Zimbabwe may have eventually stumbled to the defeat that seemed a foregone conclusion when they followed on 258 behind, but for 70.4 overs, Sean Williams and Donald Tiripano had made them dream. Exactly 20 years after VVS Laxman and Rahul Dravid had batted through an entire day’s play to turn a follow-on situation on its head, Williams and Tiripano were threatening to do something similar. They had batted through the entire post-tea session on day four, and they were within four minutes of batting through the entire first session of day five.

They had put on 187 for the eighth wicket, and moved Zimbabwe from minus 116 for 7, effectively, to 71 for 7.

Then Tiripano, five runs away from a maiden Test hundred, ran into the Rashid wrong’un. He’d seemed to pick Rashid out of the hand right through his innings, and had dealt with his threat magnificently even when he was getting the ball to scoot through low. The slowness of the pitch had helped Tiripano negotiate Rashid for 108 balls, but no one is ever entirely safe against him, not even when he’s starting his 93rd over of the match.

For once, Tiripano didn’t pick Rashid out of his hand, and the pace of his delivery negated the slowness of the pitch, zipping through to strike him on the back pad and punish him for playing back to a good-length ball.

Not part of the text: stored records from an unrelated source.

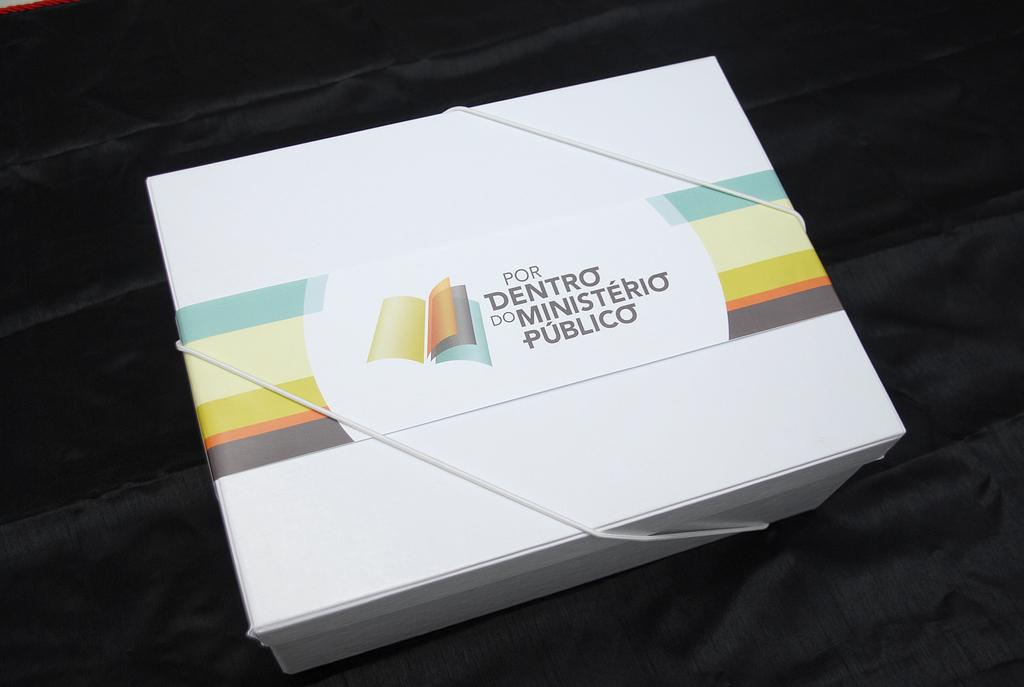Provide a one-sentence caption for the provided image. A white box that says Por Dentro Do Ministerio Publico. 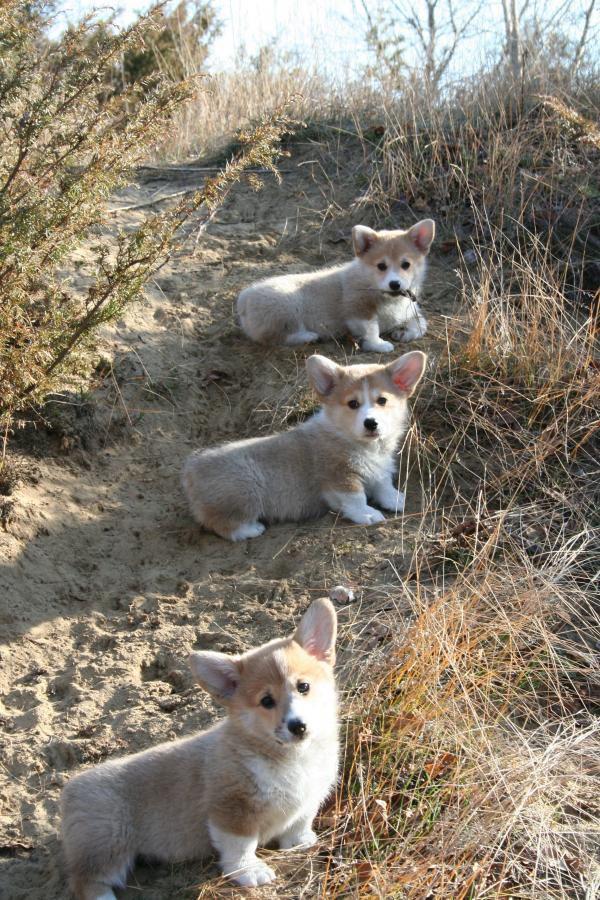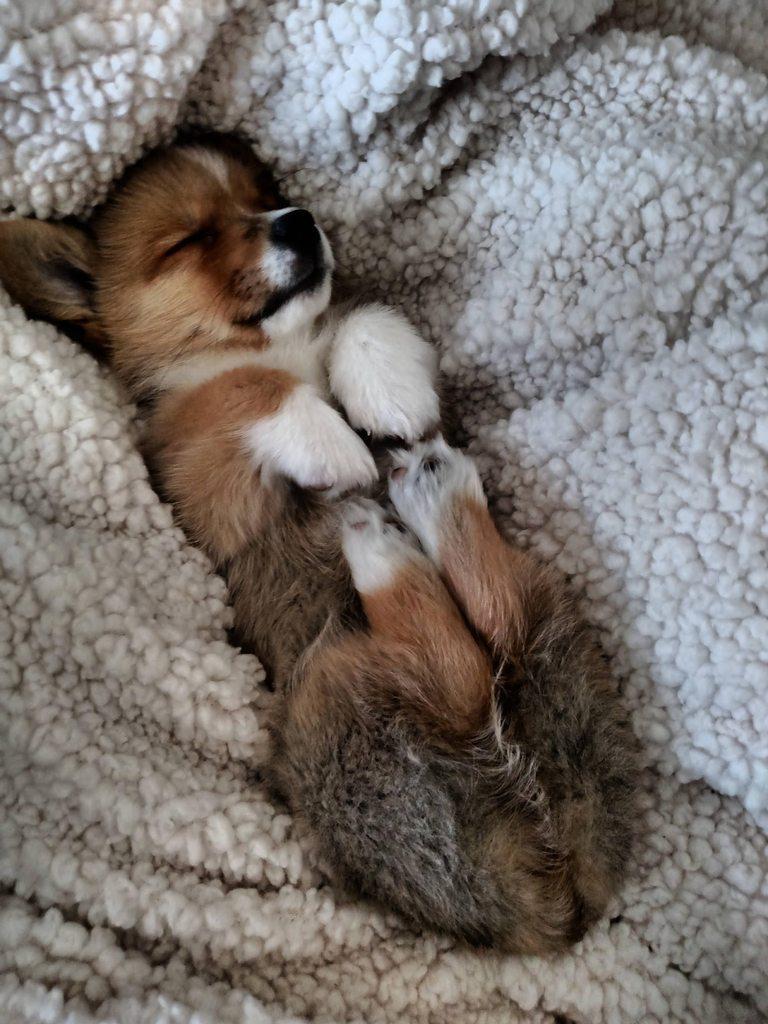The first image is the image on the left, the second image is the image on the right. Examine the images to the left and right. Is the description "One if the images has three dogs looking at the camera." accurate? Answer yes or no. Yes. The first image is the image on the left, the second image is the image on the right. Examine the images to the left and right. Is the description "The left image shows one corgi with its rear to the camera, standing on all fours and looking over one shoulder." accurate? Answer yes or no. No. 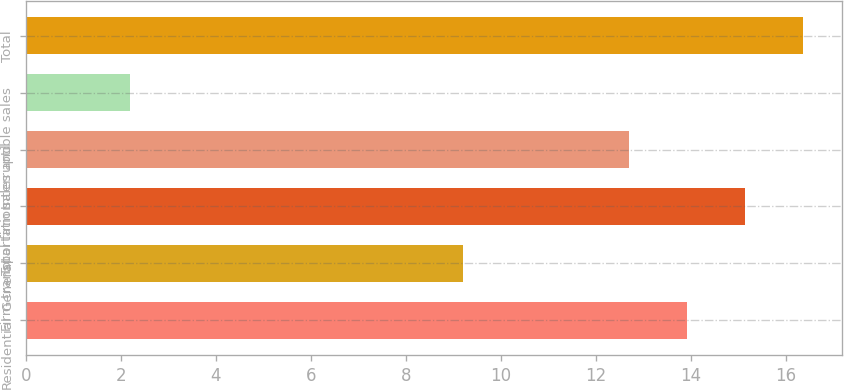<chart> <loc_0><loc_0><loc_500><loc_500><bar_chart><fcel>Residential<fcel>General<fcel>Firm transportation<fcel>Total firm sales and<fcel>Interruptible sales<fcel>Total<nl><fcel>13.92<fcel>9.2<fcel>15.14<fcel>12.7<fcel>2.2<fcel>16.36<nl></chart> 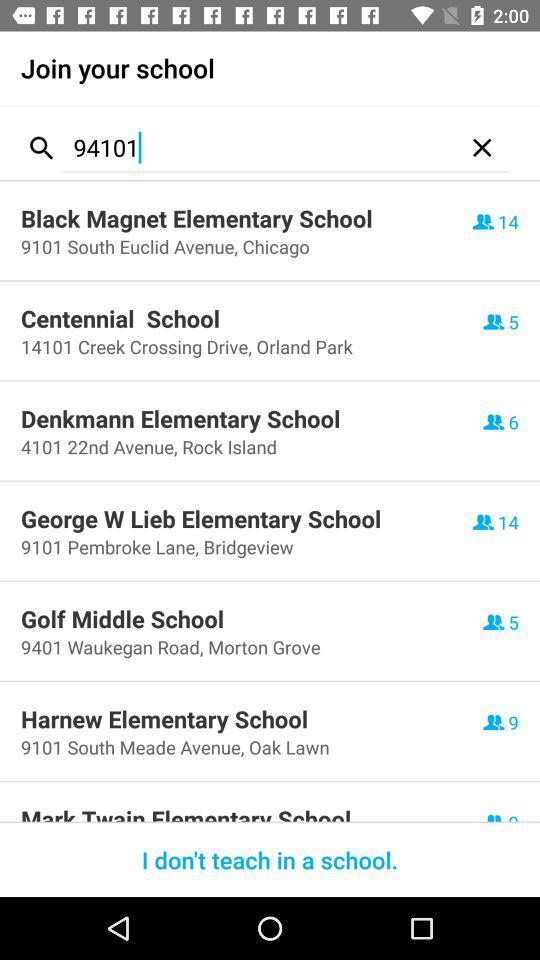Where is Centennial School located? Its location is 14101 Creek Crossing Drive, Orland Park. 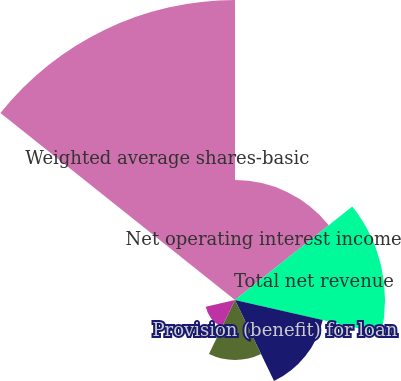Convert chart to OTSL. <chart><loc_0><loc_0><loc_500><loc_500><pie_chart><fcel>Net operating interest income<fcel>Total net revenue<fcel>Provision (benefit) for loan<fcel>Net income (loss)<fcel>Basic net earnings (loss) per<fcel>Diluted net earnings (loss)<fcel>Weighted average shares-basic<nl><fcel>16.0%<fcel>20.0%<fcel>12.0%<fcel>8.0%<fcel>4.0%<fcel>0.0%<fcel>40.0%<nl></chart> 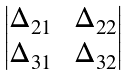Convert formula to latex. <formula><loc_0><loc_0><loc_500><loc_500>\begin{vmatrix} \Delta _ { 2 1 } & \, \Delta _ { 2 2 } \\ \Delta _ { 3 1 } & \, \Delta _ { 3 2 } \end{vmatrix}</formula> 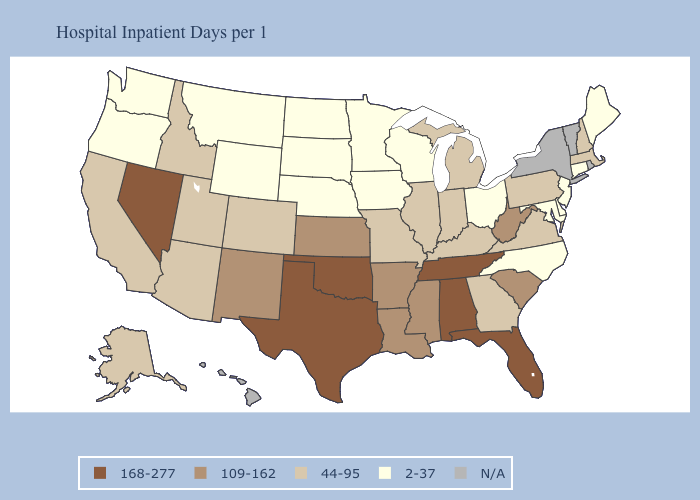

The Zimbabwe innings ended with a similar wrong’un to dismiss Victor Nyauchi with Williams left stranded on 151. Before that, though, Williams and Blessing Muzarabani had added another 33 to their total for the ninth wicket, extending Afghanistan’s frustrations. Muzarabani played an entertaining hand of 17, scoring 16 runs courtesy four leg-side slogs in one Amir Hamza over, and scoring just one run from the other 39 balls he faced.

He was also dropped on the leg-side boundary by Ahmadi while attempting another hoick off Hamza, before being given out by umpire Ahmed Shah Pakteen two balls later when Hamza had turned one past his defensive push. Muzarabani’s bat had hit the ground when he played the ball, possibly leading Pakteen to think he had edged it.

The day began with Williams sending a leading edge ballooning over the bowler Sayed Shirzad’s head and into no-man’s land. His progress thereafter was serene, though, as he added 45 to his overnight score with little alarm, picking Rashid’s variations out of his hand and negotiating Shirzad’s short ball without trouble.

Shirzad’s short ball, though, was causing Tiripano all kinds of problems, with the batsman struggling to gauge the height it would attain on this up-and-down fifth-day pitch. He was struck on the helmet while taking his eye off one of these short balls, gloved another in the air – but safely short of gully – and was smacked on the back while ducking into one that kept low enough to prompt an lbw appeal.

Then, on 67, he offered Afghanistan a half-chance, when he drove away from his body at a Rashid legbreak and edged low towards Rahmat Shah at first slip. The fielder didn’t look too confident that he’d taken the catch cleanly, and replays confirmed the ball had touched the grass just as he pouched it.

Thereafter, Williams and Tiripano went back to looking rock-solid, and Zimbabwe’s lead began to grow more quickly. Williams pulled a tired short ball from Shirzad wide of mid-on in the final over of his spell, Tiripano smacked a rare half-volley from Rashid straight back over his head for four, and then Williams punched Amir Hamza through the covers for another boundary – all this in the space of three overs.

Tiripano had used the reverse-sweep with great success against Hamza on day four, and he whipped it out again to pick up two more fours in the left-arm spinner’s next two overs, before conventionally sweeping Rashid for another four to move to 86. Asghar Afghan whipped Hamza out of the attack and tried his luck with the part-time legbreaks of Rahmat and the left-arm spin of Shahidullah. Neither made much of an impression.

Then Rashid, out of the attack for a mere four overs, returned with 15 minutes to go for lunch. Afghanistan had no choice but to keep bringing him back. He had bowled and bowled and bowled some more, and he came back and once again asked Zimbabwe, “let’s see what you do with my next ball.”